(Stored data entries)
= Beginning of Section =

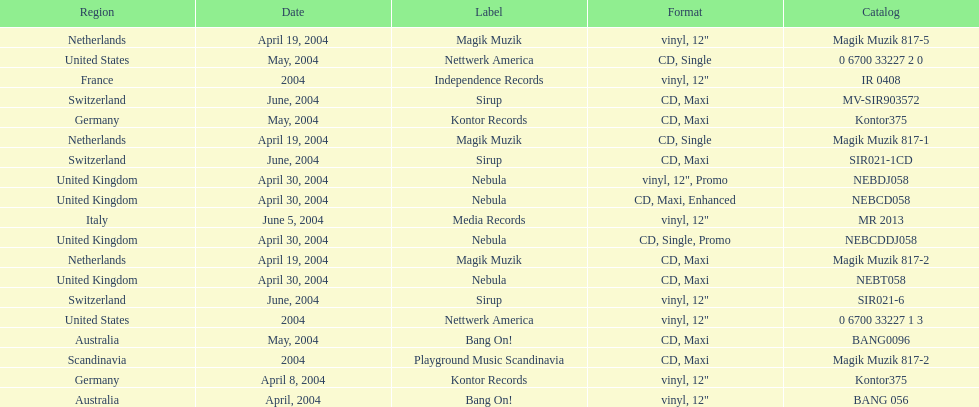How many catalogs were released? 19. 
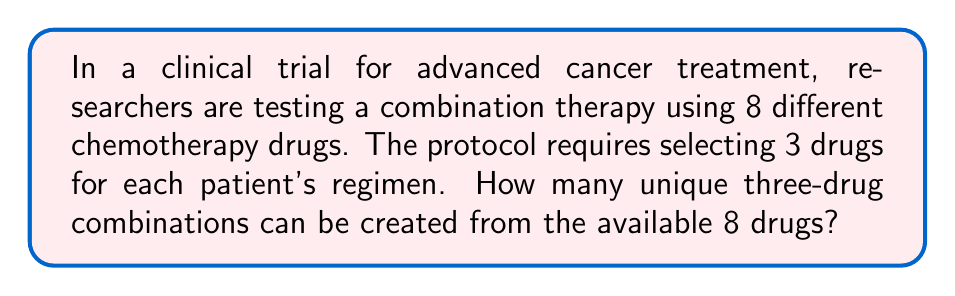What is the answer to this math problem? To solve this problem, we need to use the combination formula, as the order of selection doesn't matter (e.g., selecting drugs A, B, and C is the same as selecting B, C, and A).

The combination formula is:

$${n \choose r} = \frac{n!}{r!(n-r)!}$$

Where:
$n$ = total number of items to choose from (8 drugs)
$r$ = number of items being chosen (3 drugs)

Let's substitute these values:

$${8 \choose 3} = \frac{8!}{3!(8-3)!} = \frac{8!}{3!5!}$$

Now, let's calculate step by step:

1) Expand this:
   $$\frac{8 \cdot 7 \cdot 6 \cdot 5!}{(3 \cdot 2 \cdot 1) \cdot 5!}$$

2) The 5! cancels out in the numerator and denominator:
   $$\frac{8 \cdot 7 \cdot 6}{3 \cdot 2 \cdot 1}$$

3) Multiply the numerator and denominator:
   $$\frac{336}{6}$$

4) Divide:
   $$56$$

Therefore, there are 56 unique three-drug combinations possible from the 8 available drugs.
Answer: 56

= End of Section =
= Beginning of Section =

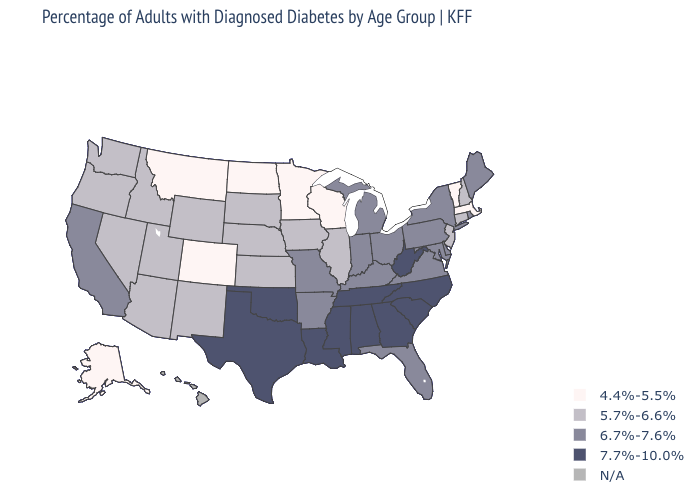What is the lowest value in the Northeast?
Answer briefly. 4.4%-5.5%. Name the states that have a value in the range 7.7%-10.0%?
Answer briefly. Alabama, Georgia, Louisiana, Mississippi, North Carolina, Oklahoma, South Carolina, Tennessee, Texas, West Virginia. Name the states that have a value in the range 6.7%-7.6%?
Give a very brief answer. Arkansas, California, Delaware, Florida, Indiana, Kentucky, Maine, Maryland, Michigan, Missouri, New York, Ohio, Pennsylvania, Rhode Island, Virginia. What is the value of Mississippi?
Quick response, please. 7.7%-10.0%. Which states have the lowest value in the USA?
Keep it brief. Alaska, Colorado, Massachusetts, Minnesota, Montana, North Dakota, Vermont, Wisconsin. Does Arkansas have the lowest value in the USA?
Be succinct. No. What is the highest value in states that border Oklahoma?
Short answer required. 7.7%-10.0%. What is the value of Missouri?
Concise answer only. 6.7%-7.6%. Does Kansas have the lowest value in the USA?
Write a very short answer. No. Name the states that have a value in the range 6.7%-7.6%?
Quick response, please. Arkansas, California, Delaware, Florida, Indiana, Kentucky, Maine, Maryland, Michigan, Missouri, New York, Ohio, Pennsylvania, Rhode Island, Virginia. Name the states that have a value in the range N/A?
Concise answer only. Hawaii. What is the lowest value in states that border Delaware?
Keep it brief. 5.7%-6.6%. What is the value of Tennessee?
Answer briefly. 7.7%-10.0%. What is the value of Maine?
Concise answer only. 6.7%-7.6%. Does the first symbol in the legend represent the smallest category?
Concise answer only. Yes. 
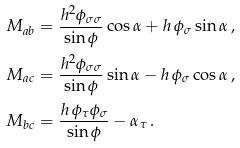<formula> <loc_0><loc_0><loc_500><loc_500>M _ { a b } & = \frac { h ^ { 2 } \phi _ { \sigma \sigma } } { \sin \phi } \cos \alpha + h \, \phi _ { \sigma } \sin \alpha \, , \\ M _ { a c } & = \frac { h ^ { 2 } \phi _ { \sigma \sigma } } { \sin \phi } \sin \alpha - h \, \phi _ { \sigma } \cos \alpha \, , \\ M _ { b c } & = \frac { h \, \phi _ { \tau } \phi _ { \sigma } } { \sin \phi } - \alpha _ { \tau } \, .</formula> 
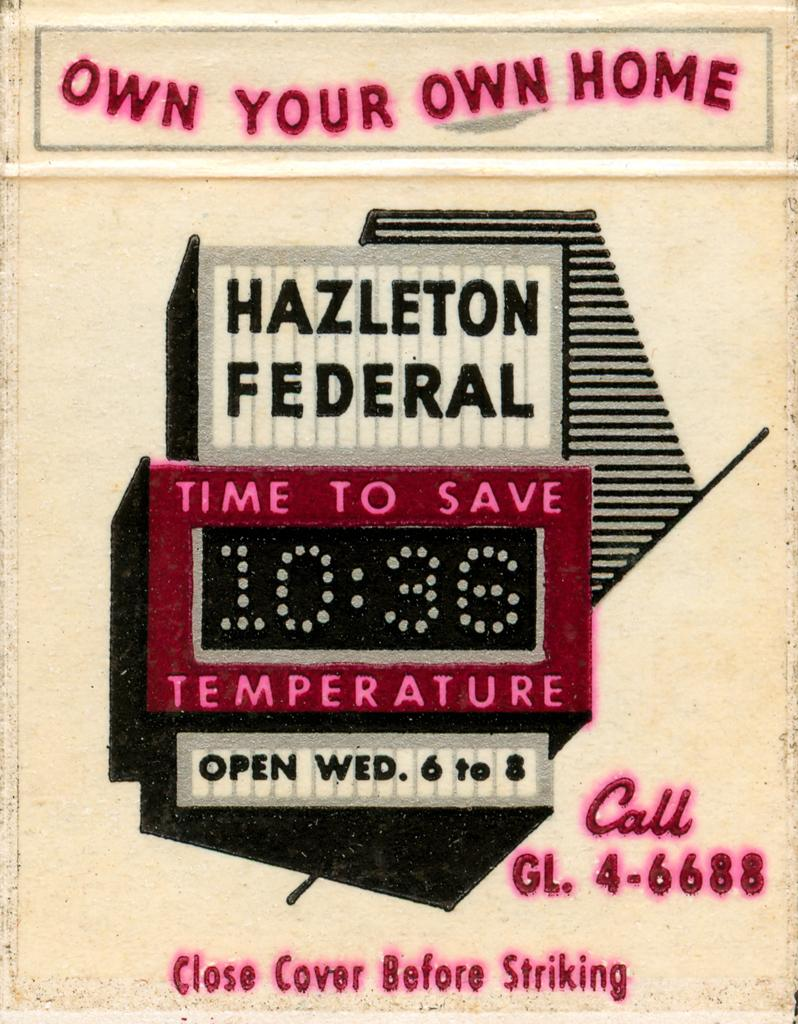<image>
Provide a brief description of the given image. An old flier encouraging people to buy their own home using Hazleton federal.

= End of Section =
= Beginning of Section =

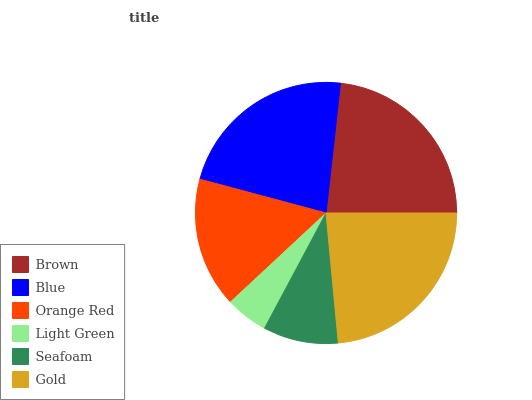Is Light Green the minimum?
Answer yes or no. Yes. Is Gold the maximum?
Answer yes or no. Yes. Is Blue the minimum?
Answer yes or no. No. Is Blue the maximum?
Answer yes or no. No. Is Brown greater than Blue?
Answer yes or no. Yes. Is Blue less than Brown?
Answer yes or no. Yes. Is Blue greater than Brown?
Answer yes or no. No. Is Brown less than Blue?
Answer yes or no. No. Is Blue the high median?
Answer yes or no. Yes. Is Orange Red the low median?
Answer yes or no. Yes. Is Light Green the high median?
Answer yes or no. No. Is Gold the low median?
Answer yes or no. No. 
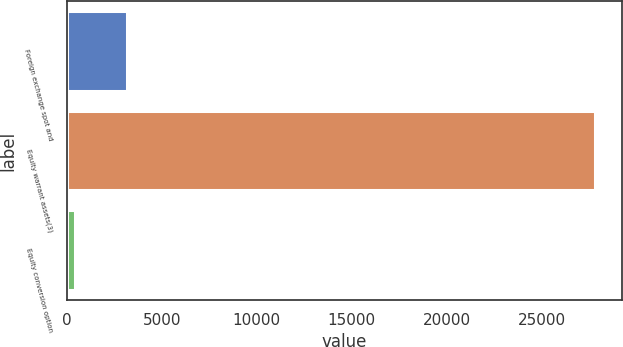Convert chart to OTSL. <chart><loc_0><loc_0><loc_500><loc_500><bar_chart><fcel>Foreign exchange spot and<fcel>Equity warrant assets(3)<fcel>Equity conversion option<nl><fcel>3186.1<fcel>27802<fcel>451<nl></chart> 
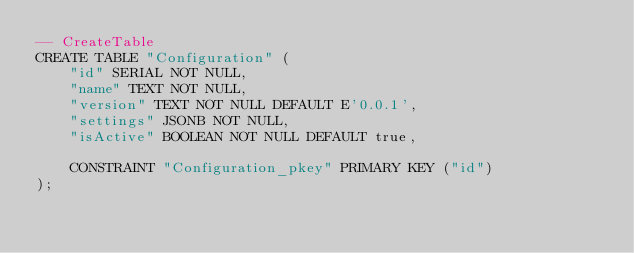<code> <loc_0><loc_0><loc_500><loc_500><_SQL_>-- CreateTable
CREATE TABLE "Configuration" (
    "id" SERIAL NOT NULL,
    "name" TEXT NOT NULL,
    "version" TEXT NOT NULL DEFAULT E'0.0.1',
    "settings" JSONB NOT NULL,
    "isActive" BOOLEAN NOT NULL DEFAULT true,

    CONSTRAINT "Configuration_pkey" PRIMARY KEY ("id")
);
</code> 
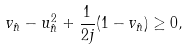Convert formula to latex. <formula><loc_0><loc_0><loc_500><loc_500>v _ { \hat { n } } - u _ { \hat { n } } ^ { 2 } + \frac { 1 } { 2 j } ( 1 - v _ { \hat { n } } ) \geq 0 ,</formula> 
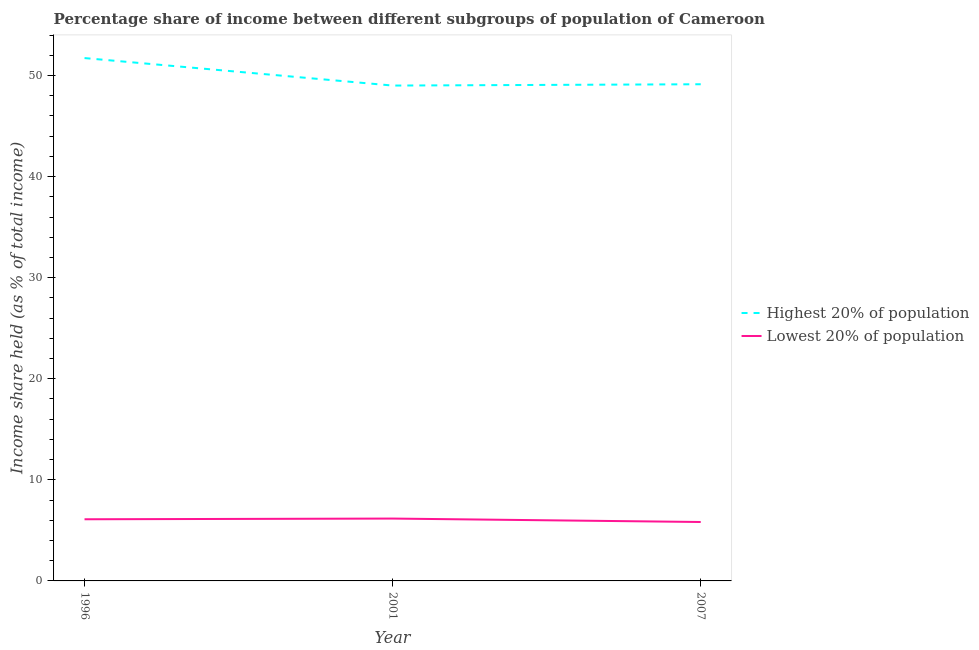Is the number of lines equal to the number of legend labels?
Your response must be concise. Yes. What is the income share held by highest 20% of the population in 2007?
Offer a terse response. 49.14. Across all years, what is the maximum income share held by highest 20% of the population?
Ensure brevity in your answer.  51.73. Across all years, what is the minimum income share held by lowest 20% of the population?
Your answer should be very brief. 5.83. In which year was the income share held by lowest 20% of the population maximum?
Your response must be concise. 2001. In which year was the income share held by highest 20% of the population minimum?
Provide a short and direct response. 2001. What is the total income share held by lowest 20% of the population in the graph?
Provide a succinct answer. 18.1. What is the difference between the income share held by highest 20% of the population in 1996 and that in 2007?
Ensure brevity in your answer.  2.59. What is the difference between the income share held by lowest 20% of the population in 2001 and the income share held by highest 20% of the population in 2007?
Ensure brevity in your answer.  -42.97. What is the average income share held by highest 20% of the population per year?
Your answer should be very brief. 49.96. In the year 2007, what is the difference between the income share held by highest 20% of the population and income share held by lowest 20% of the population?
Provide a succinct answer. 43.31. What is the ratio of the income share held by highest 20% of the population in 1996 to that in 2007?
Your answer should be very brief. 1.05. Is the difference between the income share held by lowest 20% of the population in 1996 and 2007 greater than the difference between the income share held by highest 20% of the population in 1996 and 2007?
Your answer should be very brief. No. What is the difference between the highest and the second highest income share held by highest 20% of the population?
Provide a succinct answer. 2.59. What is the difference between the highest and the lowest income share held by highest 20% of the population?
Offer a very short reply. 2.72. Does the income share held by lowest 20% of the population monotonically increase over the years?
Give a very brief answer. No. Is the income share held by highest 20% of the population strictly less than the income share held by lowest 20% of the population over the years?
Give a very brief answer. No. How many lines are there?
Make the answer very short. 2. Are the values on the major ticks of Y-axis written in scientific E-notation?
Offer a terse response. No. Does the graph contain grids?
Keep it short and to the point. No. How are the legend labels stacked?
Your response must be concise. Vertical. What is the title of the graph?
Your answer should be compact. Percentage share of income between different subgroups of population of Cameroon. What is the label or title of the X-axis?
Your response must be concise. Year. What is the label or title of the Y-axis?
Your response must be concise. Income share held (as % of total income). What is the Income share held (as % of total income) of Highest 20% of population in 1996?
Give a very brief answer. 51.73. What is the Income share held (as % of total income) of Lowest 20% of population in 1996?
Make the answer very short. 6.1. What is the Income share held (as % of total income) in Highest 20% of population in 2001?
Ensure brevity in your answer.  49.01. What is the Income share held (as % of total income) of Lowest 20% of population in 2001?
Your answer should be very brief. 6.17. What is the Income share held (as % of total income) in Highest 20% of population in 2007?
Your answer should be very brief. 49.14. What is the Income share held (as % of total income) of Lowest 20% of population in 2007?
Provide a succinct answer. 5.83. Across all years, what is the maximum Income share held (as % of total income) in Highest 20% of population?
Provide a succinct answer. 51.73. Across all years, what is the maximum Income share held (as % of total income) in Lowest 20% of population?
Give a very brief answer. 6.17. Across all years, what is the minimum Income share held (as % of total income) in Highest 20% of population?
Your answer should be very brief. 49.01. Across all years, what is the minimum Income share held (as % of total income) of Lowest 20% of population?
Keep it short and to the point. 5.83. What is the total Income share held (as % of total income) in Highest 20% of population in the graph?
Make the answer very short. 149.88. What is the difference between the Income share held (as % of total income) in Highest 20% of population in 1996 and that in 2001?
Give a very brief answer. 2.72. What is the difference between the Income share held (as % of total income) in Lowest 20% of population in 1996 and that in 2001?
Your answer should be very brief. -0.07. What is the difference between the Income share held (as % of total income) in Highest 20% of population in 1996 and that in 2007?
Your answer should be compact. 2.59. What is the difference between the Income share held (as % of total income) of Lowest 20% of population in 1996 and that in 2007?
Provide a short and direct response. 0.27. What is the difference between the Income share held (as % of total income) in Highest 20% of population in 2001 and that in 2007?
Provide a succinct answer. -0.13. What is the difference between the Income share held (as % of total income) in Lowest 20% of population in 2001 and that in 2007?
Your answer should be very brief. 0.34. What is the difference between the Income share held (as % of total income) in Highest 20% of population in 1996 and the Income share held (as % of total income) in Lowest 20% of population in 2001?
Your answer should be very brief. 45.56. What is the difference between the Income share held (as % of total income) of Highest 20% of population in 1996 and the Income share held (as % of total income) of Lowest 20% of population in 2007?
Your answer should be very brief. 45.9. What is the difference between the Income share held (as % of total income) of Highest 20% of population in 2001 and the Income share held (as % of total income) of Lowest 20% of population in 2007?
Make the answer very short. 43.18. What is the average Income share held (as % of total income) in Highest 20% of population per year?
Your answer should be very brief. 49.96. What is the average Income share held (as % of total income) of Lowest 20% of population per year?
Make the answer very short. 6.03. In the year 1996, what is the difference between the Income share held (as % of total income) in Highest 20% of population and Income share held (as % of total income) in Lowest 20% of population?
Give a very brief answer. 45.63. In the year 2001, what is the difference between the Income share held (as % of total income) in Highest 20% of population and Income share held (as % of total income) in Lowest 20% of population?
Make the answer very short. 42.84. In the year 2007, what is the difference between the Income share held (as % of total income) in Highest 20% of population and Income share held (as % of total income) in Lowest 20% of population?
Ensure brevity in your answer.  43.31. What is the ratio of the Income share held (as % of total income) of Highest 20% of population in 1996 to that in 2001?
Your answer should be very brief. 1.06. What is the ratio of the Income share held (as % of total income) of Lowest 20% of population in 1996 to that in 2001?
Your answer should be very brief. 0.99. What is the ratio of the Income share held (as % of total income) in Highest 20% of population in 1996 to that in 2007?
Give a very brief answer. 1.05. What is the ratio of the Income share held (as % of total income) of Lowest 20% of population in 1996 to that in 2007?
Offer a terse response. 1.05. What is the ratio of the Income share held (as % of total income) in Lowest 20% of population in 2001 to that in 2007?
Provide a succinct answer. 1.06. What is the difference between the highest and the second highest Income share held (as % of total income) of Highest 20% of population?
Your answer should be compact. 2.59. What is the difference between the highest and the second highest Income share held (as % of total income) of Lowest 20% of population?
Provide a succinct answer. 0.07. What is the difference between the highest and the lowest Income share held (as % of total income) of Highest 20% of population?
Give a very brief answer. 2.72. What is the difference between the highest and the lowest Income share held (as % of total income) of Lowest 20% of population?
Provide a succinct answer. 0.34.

= End of Section =

Each line above that holds the string "Oklahoma" should be copied and shown.

Answer briefly. Alabama, Georgia, Louisiana, Mississippi, North Carolina, Oklahoma, South Carolina, Tennessee, Texas, West Virginia. Name the states that have a value in the range 6.7%-7.6%?
Be succinct. No. What is the highest value in states that border Oklahoma?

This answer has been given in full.